Stack of Swedish Pancakes Recipe on a white plate with Lingonberry jam, whipped cream, and powdered sugar on top.

Swedish Pancakes Recipe Summary

There is something about a heritage recipe that really makes me happy, and this Pannkakor recipe is no exception. Recipes that have been passed down generation to generation have passed the rigors of time and taste. That is, people have been liking these pancakes for generations and I feel there is something really special about that.

Along with being a super tasty dish, they are easy to make. It is fairly similar to an American pancake, but closer to a crepe. The bulk of this recipe is mixing the batter and there really is not much to it. Butter, eggs, flour, milk, a bit of sugar, and a pinch of salt all mix together to make up this batter. Once thoroughly mixed into a smooth batter, we cook them.

Then, the final part, that really separates this recipe from a crepe is the toppings. We top ours with lingonberry jam, a bit of whipped cream, and a little powdered sugar. There are many different possibilities with toppings, but lingonberry jam is a very traditional way to serve this Swedish breakfast classic.

Mixing the Batter

This is really a simple batter, but there are a few things you can watch out for to make sure you are making the best Swedish Pancakes possible. The enemy of our pancakes are lumps, so the first thing you can do is to just make sure you are whisking your batter well and until you know that it is a smooth batter.
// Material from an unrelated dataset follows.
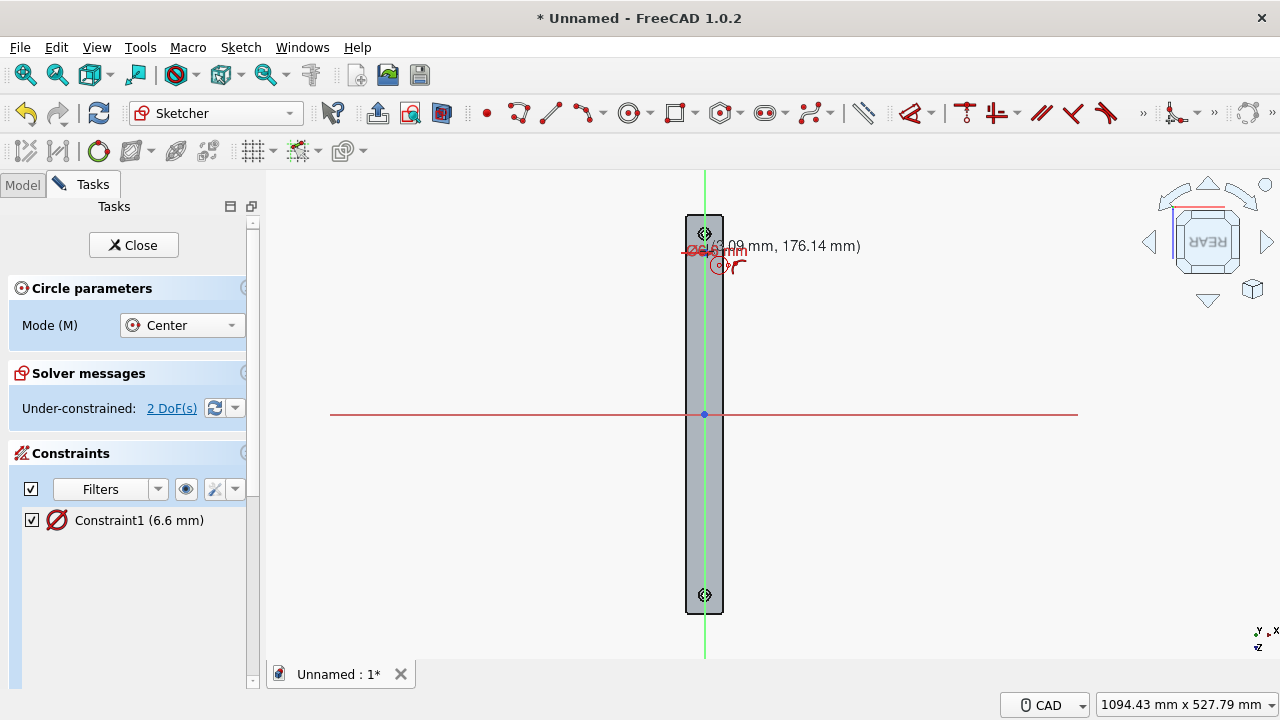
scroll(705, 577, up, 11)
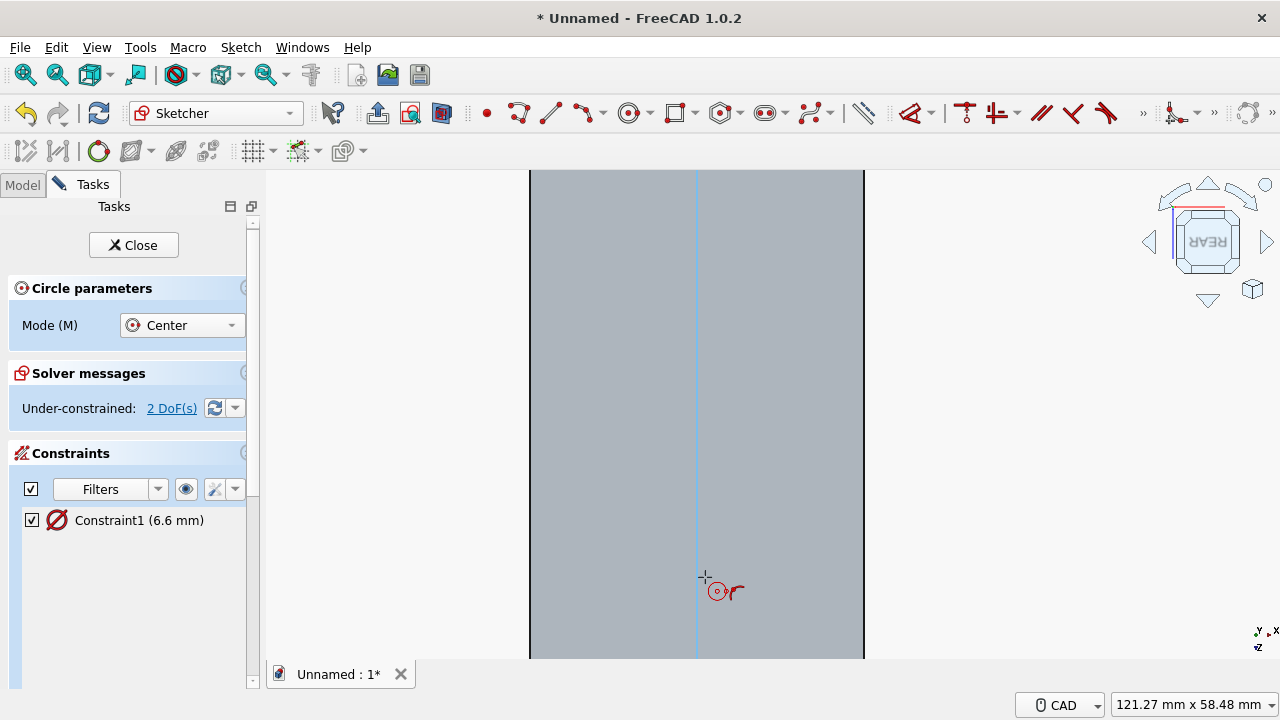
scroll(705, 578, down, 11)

Also, I add only half of the flour to the liquid at a time. This allows me to well incorporate the solids into our wet ingredients and help make sure our batter is thoroughly mixed into smooth perfection. When I add the second half of my flour, it already is smooth, so I just don’t have as much to try and incorporate.

We also add melted butter into our batter and you want to ensure that the butter is not too hot. I melt my butter in the pan I am cooking our Pannkakor and set it to low heat. As soon as the butter is melted, I move it to the batter. I don’t want the butter to be bubbling or piping hot. The issue is that the butter can interact with the batter and cause it to cook when it hits the batter, making lumps. Add melted butter, but just make sure it is warm butter, not really hot butter.

Cooking The Swedish Pancakes

These pancakes and the batter are a bit delicate, so they must be handled with a bit of care. I recommend using a non-stick frypan that has a flat bottom. I use a 7” Swiss Diamond fry pan [AFFILIATE LINK] for these and it works great. It is an expensive brand, but the quality is definitely there. These are my favorite pans, by far.

To keep the timing on and keep my rhythm in place, I follow certain steps in making Swiss Pancakes. Here they are:

  1. Put ¼ cup of the batter into a pourable 1 cup container.
  2. I pour the batter into the very center of the pan that has been adequately heated to medium-high and do not disturb the pan. Some folks spread the batter around the pan, but I don’t feel this is needed.
  3. I start the timer on my phone and let it go for about 45 seconds.
  4. During this time, I load my pourable cup back with ¼ cup of batter in preparation for the next pancake.
  5. At 45 seconds, I carefully flip the pancake.
  6. Allow to cook for about another 10-15 seconds.
  7. Remove and start process over.

For me, it seems like the first pancake or two are always the worst ones, but you can help stop this by making sure your pan is fully heated.

Difference between Swedish Pancakes and American Pancakes.

The biggest difference between a Swedish Pancake and an American Pancake is the absence of a leavening agent. For a typical American pancake, an ingredient like baking powder is added that helps make a thicker, fluffy pancake. This helps it rise.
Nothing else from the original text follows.